### DATA SECTION
########

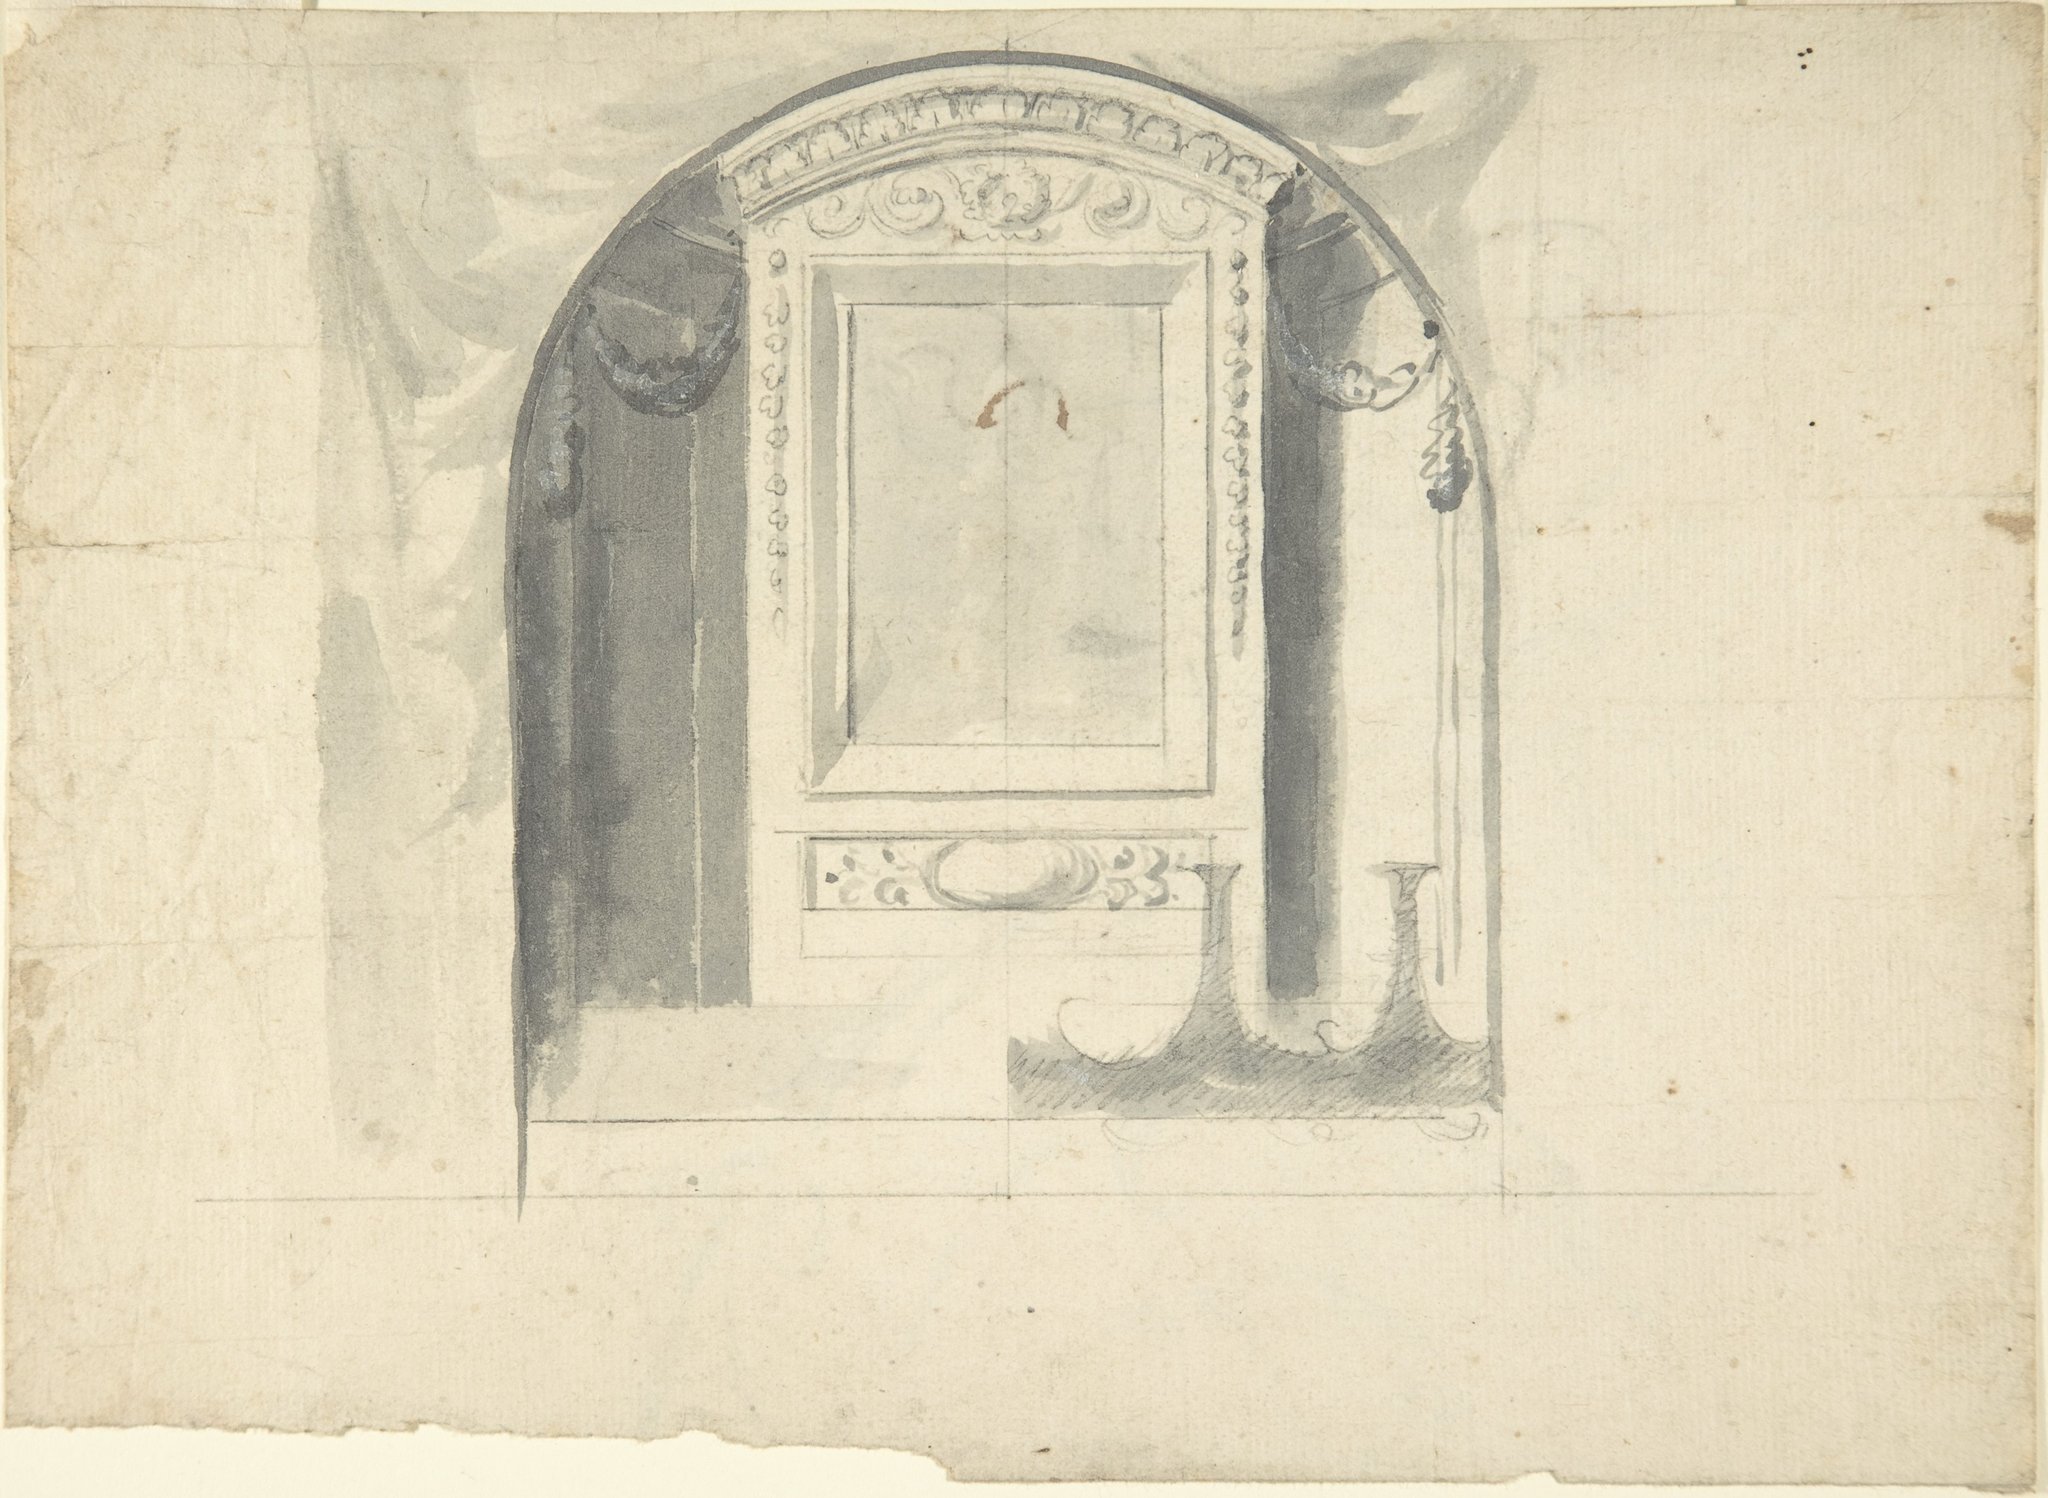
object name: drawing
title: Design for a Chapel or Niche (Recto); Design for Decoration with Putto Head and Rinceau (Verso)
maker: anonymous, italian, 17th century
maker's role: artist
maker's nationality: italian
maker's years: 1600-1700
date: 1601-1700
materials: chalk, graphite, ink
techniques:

########

Give back exactly the lines from the line holding "title: Design for" through the last line of the listing, including both.

### EXERCISE ANSWER
title: Design for a Chapel or Niche (Recto); Design for Decoration with Putto Head and Rinceau (Verso)
maker: anonymous, italian, 17th century
maker's role: artist
maker's nationality: italian
maker's years: 1600-1700
date: 1601-1700
materials: chalk, graphite, ink
techniques:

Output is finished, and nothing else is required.